Before the pandemic, hospital executives and managers involved in designing new hospitals sought to improve the efficiency of existing care pathways. Now, their top priority is to rethink those pathways entirely. The shape of healthcare is being reconsidered everywhere, and that process has major implications for the way hospitals will look in future.
That might sound drastic, but think of the changes the pandemic has already forced through. The Chinese built a hospital in 10 days, while in many countries medical consultations shifted online. Meanwhile, existing hospitals buckled under the sudden, immense strain, according to The Guardian.
Pictures flashed around the world of Covid-19 patients sitting in their cars outside a hospital in Naples. Non-Covid patients have seen their potentially life-saving treatments postponed indefinitely.
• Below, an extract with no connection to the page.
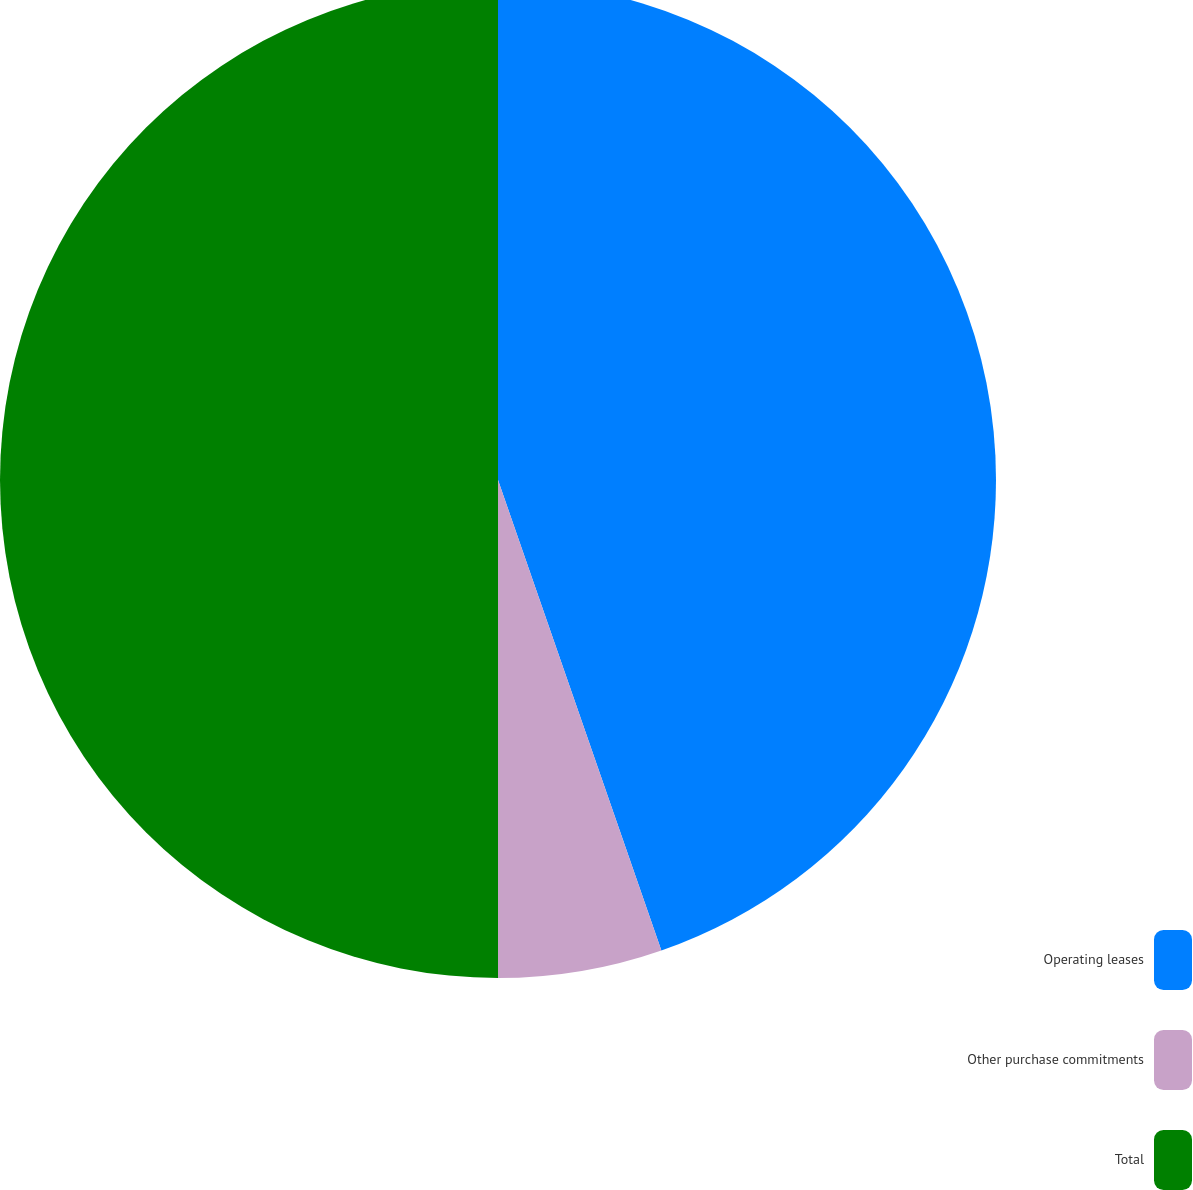Convert chart. <chart><loc_0><loc_0><loc_500><loc_500><pie_chart><fcel>Operating leases<fcel>Other purchase commitments<fcel>Total<nl><fcel>44.68%<fcel>5.32%<fcel>50.0%<nl></chart>

None of this is surprising, says hospital architect Thomas Schinko of Vasconi Architectes in Paris, because the world’s richest countries have all but eliminated contagion from their hospitals, infectious diseases no longer being the biggest killer there. As a result, health systems are completely unadapted to this kind of disease.
The pandemic has accelerated some trends, such as the one to a hospital without walls – the hospital conceived as a digitally connected community rather than a circumscribed physical space. The twin pillars of digital health are electronic health records, which allow patient information to be shared across health systems, and telehealth, which allows patients and physicians to communicate at distance.